* Records contained in a dataset *
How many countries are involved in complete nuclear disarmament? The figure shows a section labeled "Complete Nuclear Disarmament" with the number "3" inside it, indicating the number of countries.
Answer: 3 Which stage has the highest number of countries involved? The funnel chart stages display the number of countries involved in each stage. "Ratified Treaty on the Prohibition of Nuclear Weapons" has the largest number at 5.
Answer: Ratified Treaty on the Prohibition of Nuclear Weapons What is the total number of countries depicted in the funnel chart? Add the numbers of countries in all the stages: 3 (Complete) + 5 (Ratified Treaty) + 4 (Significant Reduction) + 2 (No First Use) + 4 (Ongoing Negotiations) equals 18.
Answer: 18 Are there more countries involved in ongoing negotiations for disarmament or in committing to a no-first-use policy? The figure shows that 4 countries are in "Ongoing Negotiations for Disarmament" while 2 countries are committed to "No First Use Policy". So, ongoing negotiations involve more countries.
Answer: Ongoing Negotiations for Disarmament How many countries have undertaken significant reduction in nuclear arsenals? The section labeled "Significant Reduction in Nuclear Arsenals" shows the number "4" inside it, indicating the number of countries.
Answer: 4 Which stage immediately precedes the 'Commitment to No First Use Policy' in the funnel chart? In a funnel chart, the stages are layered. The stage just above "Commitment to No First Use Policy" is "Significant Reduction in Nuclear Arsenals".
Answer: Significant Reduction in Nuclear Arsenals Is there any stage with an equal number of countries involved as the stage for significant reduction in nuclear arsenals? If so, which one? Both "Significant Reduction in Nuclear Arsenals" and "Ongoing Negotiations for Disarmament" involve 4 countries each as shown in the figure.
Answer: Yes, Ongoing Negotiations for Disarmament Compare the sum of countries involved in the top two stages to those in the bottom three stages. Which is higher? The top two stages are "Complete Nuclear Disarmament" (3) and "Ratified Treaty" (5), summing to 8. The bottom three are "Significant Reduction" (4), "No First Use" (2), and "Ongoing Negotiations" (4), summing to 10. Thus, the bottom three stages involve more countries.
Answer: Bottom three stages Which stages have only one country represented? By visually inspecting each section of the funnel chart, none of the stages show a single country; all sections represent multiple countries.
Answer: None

==

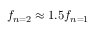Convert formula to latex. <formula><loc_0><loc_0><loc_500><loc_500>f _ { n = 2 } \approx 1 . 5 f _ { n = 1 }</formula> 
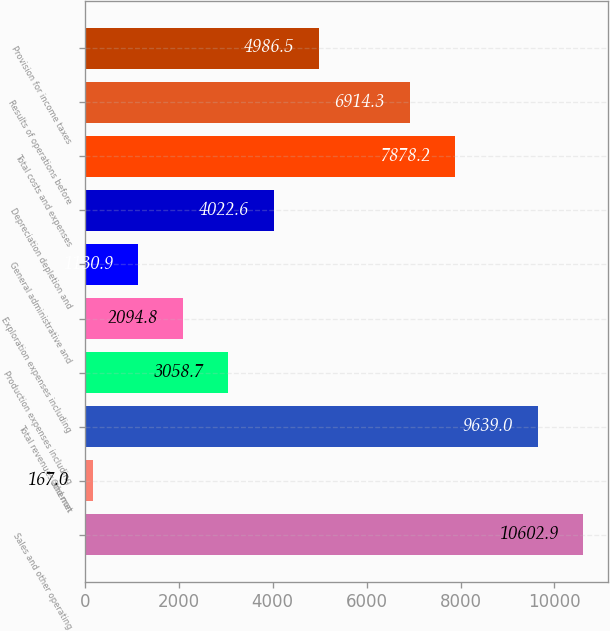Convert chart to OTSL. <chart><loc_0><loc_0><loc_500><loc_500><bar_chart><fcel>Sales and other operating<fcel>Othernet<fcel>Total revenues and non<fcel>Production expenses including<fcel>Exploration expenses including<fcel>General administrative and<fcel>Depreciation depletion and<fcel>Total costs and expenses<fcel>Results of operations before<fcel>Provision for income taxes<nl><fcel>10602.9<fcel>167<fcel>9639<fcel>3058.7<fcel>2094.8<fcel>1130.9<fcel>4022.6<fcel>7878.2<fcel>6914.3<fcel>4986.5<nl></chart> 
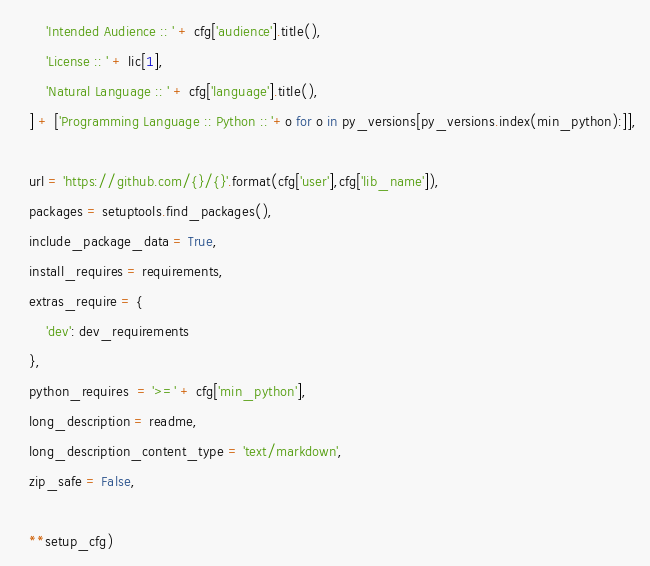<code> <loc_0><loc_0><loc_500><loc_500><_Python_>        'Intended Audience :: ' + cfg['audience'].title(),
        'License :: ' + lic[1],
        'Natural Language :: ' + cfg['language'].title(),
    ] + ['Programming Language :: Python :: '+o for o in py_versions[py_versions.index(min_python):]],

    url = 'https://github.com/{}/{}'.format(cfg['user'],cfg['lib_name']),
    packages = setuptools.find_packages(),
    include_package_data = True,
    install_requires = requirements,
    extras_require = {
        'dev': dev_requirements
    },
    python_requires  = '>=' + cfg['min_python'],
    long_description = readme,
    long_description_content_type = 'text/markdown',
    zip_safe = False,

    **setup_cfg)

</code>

* WHAT IS REQUIRED *
Look above for the line containing "How many countries are" and the line containing "Answer: 4 Which". Transcribe both, with the lines between them, exactly.

* TASK SOLUTION *
How many countries are involved in complete nuclear disarmament? The figure shows a section labeled "Complete Nuclear Disarmament" with the number "3" inside it, indicating the number of countries.
Answer: 3 Which stage has the highest number of countries involved? The funnel chart stages display the number of countries involved in each stage. "Ratified Treaty on the Prohibition of Nuclear Weapons" has the largest number at 5.
Answer: Ratified Treaty on the Prohibition of Nuclear Weapons What is the total number of countries depicted in the funnel chart? Add the numbers of countries in all the stages: 3 (Complete) + 5 (Ratified Treaty) + 4 (Significant Reduction) + 2 (No First Use) + 4 (Ongoing Negotiations) equals 18.
Answer: 18 Are there more countries involved in ongoing negotiations for disarmament or in committing to a no-first-use policy? The figure shows that 4 countries are in "Ongoing Negotiations for Disarmament" while 2 countries are committed to "No First Use Policy". So, ongoing negotiations involve more countries.
Answer: Ongoing Negotiations for Disarmament How many countries have undertaken significant reduction in nuclear arsenals? The section labeled "Significant Reduction in Nuclear Arsenals" shows the number "4" inside it, indicating the number of countries.
Answer: 4 Which stage immediately precedes the 'Commitment to No First Use Policy' in the funnel chart? In a funnel chart, the stages are layered. The stage just above "Commitment to No First Use Policy" is "Significant Reduction in Nuclear Arsenals".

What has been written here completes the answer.